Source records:
*****

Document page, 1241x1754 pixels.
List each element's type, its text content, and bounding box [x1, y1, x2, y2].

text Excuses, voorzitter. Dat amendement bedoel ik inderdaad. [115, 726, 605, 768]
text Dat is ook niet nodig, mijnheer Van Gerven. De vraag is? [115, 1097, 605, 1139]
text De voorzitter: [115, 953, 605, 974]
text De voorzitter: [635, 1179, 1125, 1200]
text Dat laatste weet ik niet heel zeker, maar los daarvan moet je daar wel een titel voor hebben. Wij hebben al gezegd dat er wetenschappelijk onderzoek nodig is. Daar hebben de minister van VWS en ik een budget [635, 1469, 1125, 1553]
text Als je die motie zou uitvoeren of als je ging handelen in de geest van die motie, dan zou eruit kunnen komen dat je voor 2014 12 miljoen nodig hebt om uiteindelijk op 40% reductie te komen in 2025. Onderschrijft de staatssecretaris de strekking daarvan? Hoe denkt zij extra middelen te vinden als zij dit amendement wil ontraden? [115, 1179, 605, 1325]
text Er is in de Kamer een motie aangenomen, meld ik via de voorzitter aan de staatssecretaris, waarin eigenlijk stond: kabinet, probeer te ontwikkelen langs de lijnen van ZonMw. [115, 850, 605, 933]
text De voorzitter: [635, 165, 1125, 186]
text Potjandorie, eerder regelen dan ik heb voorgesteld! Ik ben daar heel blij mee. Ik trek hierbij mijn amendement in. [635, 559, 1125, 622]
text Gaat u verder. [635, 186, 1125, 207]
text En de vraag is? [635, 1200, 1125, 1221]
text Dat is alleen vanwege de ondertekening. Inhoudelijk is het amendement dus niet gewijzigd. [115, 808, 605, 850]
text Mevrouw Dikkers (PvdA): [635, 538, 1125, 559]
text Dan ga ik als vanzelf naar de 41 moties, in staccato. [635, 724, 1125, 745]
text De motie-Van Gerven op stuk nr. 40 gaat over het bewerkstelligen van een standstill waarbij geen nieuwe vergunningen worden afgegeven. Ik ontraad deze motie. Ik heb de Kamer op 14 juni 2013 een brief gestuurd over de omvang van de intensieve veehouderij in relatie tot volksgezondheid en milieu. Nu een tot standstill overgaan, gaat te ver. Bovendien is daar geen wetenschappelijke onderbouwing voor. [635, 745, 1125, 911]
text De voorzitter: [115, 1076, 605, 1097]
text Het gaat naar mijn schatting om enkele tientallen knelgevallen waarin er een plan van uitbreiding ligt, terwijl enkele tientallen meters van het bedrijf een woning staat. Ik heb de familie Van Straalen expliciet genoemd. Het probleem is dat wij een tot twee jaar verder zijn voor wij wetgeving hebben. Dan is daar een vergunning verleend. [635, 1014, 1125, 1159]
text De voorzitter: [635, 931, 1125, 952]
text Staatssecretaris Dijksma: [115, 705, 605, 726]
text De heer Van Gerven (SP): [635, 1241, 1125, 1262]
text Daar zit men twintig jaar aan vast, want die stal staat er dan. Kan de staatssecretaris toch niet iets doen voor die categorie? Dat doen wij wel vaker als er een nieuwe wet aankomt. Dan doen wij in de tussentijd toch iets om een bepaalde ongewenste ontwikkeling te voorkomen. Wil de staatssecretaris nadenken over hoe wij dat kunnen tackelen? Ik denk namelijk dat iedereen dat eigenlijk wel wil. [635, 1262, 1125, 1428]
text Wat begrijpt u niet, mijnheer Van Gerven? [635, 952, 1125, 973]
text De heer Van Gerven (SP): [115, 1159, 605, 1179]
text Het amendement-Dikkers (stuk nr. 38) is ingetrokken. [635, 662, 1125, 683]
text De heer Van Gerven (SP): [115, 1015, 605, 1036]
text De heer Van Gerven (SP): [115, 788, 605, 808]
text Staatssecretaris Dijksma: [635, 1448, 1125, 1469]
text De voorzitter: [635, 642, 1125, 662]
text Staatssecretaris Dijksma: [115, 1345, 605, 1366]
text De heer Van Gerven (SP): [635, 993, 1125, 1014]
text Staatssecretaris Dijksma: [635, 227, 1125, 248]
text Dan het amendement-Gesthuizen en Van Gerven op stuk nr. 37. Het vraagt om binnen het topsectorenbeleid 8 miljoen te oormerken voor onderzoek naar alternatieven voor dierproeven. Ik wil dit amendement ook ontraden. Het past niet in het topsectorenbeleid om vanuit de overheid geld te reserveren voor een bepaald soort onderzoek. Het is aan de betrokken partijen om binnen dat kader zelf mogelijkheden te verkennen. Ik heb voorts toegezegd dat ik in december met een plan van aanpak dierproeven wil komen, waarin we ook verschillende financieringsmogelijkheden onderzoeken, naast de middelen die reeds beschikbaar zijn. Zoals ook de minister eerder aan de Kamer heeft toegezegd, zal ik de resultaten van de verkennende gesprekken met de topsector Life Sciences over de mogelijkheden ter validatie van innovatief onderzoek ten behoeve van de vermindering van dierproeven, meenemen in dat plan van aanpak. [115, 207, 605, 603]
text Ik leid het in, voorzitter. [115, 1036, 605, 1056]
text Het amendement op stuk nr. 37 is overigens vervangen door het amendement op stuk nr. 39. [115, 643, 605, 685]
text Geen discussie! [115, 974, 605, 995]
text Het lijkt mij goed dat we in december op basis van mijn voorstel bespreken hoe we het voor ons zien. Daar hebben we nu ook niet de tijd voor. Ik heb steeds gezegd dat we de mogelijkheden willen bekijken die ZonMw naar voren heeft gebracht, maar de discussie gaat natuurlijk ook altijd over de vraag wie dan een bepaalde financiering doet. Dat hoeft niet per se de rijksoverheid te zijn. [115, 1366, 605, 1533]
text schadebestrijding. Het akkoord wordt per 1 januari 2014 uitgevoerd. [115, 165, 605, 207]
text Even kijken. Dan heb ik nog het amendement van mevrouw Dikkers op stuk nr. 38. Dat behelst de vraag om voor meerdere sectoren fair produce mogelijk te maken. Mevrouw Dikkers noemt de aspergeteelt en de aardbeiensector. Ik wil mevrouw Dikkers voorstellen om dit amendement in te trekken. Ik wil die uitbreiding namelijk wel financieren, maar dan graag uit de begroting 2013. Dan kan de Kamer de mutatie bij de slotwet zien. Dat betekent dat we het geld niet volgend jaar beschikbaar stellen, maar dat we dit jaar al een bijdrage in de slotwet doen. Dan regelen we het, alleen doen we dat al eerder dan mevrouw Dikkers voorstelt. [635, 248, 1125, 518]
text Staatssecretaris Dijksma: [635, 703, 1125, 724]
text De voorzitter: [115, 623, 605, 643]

*****

→ What to work on
Each line holding the word "Dijksma" must be copied from the data.

→ Response area
text Staatssecretaris Dijksma: [115, 705, 605, 726]
text Staatssecretaris Dijksma: [635, 1448, 1125, 1469]
text Staatssecretaris Dijksma: [115, 1345, 605, 1366]
text Staatssecretaris Dijksma: [635, 227, 1125, 248]
text Staatssecretaris Dijksma: [635, 703, 1125, 724]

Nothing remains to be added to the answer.